What does this PR do?

Extends the SSL file watch infrastructure introduced in #18978 to the x-pack background service clients that live outside the pipeline lifecycle:

  • ElasticsearchSource (CPM's pipeline-config fetcher) rebuilds its ES client when CPM TLS files change.
  • LicenseReader in both LicenseManager instances (CPM's and monitoring's) rebuilds the license-check client on TLS rotation.

Tracking IDs

SslFileTracker keeps one set of registered paths per id. X-pack service ids use a leading . to keep them disjoint from user pipeline ids:

Tracking ID Owner Cert paths from Reload mechanism
:".cpm" ElasticsearchSource (CPM config fetcher) xpack.management.elasticsearch.ssl.* Rebuild ES fetch client (this PR)
:".cpm_license" LicenseReader inside CPM's LicenseManager xpack.management.elasticsearch.ssl.* Rebuild license-check client (this PR)
:".monitoring-logstash" The monitoring pipeline itself (elasticsearch output) xpack.monitoring.elasticsearch.ssl.* Pipeline reload via PR2 mechanism
:".monitoring_license" LicenseReader inside monitoring's LicenseManager xpack.monitoring.elasticsearch.ssl.* Rebuild license-check client (this PR)

Implementation notes

  • Moved the creation of Tracker to Runner, not Agent. CPM's ElasticsearchSource is built during :after_bootstrap_checks before Agent.new, so Agent cannot own the tracker. The exact creation site is between bootstrap_checks.each and :after_bootstrap_checks: CPM's BootstrapCheck flips config.reload.automatic = true during each, and CPM's hook builds its source on :after_bootstrap_checks. Anywhere outside that window either misreads the activation gate or constructs the source before the tracker exists.

  • LogStash::Helpers::ElasticsearchClientHolder owns one lazy-built ES client. The factory create(tracker, id) { build_client } returns either:

    • Lazy (no tracker) — memoise the factory result.
    • SslRebuildable (with tracker) — call tracker.consume_stale on every get; when stale, close the old client and rebuild before returning.
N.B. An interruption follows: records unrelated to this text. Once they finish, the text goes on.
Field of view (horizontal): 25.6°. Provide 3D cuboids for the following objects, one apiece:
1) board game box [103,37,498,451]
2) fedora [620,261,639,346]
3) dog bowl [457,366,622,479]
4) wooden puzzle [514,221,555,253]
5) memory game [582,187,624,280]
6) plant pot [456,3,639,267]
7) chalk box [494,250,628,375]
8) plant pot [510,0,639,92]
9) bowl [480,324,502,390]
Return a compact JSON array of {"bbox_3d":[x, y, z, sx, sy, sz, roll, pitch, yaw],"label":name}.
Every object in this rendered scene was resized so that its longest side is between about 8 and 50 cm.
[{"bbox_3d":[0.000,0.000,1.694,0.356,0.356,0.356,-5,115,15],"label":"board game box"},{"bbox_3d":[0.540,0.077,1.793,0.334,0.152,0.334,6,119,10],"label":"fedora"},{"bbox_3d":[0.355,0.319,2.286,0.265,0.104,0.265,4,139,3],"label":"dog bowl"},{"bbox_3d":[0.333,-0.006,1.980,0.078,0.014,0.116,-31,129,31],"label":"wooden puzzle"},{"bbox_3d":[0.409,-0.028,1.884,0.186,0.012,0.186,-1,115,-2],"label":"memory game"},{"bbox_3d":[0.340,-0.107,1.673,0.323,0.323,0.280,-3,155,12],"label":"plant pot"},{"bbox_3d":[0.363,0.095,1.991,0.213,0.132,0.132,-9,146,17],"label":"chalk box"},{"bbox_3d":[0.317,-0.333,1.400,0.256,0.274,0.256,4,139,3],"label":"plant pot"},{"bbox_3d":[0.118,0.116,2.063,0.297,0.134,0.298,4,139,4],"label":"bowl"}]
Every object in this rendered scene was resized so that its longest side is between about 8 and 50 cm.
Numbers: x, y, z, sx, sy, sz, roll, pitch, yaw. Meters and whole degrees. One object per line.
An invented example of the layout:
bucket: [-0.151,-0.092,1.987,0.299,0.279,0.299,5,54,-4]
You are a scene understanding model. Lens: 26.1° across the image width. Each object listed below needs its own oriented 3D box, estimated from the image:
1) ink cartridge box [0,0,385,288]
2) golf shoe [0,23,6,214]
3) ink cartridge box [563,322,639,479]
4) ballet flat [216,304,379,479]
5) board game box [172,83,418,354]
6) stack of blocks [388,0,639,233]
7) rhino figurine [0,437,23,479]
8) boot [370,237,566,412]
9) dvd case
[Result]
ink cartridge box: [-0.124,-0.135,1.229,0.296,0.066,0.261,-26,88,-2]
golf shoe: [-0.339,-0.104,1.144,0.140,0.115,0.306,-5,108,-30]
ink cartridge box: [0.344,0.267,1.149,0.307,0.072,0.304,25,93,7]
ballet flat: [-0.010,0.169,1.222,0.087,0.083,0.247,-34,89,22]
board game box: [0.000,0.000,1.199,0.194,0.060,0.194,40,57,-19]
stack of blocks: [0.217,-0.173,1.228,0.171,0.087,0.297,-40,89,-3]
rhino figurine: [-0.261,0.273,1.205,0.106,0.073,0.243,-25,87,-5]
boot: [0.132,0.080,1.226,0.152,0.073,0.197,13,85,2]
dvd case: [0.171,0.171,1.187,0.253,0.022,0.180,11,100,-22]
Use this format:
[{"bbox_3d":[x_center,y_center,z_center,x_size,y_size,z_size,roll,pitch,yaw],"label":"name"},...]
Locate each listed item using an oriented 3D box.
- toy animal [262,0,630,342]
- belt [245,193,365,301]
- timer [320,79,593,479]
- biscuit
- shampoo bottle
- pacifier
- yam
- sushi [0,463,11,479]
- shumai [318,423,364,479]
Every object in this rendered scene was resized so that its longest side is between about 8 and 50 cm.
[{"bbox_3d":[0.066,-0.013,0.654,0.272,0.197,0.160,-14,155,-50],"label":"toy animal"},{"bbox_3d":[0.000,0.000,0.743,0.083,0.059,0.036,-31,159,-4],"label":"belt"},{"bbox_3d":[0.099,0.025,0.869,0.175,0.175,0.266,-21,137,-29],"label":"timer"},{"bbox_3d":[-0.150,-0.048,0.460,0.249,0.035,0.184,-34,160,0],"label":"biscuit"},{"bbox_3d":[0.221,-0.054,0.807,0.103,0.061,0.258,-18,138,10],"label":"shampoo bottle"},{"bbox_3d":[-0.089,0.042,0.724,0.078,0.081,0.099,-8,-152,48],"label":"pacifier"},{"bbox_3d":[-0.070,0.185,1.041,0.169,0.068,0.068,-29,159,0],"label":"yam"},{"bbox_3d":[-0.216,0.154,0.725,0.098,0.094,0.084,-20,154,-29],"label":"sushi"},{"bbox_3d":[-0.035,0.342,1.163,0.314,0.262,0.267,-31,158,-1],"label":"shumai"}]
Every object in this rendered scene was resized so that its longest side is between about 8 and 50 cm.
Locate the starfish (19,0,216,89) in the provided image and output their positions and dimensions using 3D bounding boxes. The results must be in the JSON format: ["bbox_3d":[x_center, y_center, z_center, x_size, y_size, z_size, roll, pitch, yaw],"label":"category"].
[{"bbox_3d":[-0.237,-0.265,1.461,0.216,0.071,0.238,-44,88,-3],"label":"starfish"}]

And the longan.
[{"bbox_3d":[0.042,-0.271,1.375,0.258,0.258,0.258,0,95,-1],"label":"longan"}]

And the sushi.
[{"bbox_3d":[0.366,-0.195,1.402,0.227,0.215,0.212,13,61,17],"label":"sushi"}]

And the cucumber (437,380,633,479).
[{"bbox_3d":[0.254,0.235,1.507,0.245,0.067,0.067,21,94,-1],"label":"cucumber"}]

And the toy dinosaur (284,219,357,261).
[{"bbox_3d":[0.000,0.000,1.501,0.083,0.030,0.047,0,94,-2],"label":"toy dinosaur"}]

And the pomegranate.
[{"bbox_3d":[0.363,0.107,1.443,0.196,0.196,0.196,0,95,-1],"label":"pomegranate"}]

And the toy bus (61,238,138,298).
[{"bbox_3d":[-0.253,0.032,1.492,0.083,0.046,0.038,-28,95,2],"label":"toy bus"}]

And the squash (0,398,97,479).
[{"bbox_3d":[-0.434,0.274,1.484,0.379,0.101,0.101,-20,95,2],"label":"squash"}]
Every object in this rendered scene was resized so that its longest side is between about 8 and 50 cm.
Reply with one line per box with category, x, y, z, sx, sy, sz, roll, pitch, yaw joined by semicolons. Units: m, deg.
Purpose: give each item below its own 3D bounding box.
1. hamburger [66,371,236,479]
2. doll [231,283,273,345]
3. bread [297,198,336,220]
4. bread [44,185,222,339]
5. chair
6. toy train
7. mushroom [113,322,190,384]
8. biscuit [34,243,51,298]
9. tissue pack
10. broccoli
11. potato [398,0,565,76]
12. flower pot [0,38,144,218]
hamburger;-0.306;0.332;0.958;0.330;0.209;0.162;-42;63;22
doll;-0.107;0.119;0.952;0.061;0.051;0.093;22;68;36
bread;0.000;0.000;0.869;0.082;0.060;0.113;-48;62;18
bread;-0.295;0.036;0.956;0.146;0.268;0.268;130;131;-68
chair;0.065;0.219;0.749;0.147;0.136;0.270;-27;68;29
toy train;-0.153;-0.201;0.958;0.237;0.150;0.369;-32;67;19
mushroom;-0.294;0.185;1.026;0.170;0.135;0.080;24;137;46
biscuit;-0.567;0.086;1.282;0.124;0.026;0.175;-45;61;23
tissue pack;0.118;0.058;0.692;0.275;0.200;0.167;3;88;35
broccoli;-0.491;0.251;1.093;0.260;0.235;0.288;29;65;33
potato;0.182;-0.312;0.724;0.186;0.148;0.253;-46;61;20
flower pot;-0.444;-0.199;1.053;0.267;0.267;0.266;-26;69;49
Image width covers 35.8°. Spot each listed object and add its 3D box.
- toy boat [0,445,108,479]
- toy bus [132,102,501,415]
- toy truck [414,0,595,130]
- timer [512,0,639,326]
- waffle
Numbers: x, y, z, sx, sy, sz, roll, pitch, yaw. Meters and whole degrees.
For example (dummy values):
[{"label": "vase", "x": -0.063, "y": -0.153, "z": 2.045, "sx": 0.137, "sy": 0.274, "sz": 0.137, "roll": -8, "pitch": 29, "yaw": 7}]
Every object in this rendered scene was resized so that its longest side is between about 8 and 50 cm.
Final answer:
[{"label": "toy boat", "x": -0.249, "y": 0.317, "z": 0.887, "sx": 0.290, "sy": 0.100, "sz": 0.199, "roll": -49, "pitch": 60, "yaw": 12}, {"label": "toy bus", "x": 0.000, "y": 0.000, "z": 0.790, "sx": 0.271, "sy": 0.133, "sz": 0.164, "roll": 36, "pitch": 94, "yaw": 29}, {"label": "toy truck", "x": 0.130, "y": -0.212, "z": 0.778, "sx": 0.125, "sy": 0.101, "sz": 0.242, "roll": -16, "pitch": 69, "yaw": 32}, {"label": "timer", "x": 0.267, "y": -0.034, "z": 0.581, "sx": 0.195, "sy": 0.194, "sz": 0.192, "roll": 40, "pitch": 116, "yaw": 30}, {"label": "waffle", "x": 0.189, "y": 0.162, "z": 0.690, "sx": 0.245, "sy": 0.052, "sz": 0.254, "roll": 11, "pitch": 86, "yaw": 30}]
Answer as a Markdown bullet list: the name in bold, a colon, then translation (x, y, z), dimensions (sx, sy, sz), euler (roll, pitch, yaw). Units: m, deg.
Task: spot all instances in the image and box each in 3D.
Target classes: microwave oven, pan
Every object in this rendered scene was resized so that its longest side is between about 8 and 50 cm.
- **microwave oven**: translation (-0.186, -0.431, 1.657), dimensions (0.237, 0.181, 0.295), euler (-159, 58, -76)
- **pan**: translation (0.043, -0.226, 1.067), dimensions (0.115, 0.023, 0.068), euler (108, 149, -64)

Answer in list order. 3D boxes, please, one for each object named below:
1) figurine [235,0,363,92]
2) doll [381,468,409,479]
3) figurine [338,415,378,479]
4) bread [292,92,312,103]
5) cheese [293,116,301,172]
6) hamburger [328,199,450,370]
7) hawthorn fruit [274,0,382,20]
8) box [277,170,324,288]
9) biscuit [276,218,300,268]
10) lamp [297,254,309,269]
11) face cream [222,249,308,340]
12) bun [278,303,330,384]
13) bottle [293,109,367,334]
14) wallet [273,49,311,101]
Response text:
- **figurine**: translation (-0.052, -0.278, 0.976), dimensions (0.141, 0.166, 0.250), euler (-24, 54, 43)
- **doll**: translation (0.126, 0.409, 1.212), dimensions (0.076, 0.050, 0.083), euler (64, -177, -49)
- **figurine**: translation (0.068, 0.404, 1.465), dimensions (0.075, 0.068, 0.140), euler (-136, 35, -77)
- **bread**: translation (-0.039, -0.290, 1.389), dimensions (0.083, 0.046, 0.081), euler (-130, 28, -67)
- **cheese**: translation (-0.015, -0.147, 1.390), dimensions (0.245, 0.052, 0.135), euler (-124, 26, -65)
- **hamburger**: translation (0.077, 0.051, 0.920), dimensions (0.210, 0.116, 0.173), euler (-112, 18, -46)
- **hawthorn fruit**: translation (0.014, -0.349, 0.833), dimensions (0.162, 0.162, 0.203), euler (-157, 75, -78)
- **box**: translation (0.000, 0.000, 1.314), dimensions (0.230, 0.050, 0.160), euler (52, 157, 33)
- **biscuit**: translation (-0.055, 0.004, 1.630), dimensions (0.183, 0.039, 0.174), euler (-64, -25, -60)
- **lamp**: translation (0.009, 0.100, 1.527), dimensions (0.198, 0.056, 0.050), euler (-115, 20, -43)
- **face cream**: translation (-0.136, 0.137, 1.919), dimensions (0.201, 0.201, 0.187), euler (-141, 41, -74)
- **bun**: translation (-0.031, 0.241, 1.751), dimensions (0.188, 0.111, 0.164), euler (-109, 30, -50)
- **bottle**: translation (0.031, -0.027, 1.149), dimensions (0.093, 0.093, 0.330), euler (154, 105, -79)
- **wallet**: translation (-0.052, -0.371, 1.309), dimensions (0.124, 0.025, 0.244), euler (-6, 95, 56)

    LicenseReader and ElasticsearchSource just call holder.get. Rebuild lifecycle is invisible to callers.

Why is it important/What is the impact to the user?

Without this PR, rotating certificates used by CPM or internal monitoring forces a full Logstash restart, which interrupts pipeline processing. With this PR, certificate rotation is hot-applied by the next scheduled fetch tick, matching the user-pipeline behavior that PR2 already delivered.

Checklist

  • My code follows the style guidelines of this project
  • I have commented my code, particularly in hard-to-understand areas
  • I have made corresponding changes to the documentation
  • I have made corresponding change to the default configuration files (and/or docker env variables)
  • I have added tests that prove my fix is effective or that my feature works

Author's Checklist

  • Integration tests cover 3 end-to-end scenarios
    • CPM cert rotation rebuilds both the CPM ES client and the license-reader client; subsequent pipeline-config push proves the rebuilt CPM client still connects (cpm_tls_hot_reload_spec.rb)
    • Monitoring cert rotation with config.reload.automatic: true rebuilds the license-reader client; monitoring docs continue to ship (monitoring_tls_hot_reload_spec.rb)
    • Monitoring cert rotation with config.reload.automatic: false (default) is silently ignored; no error logged (monitoring_tls_hot_reload_spec.rb)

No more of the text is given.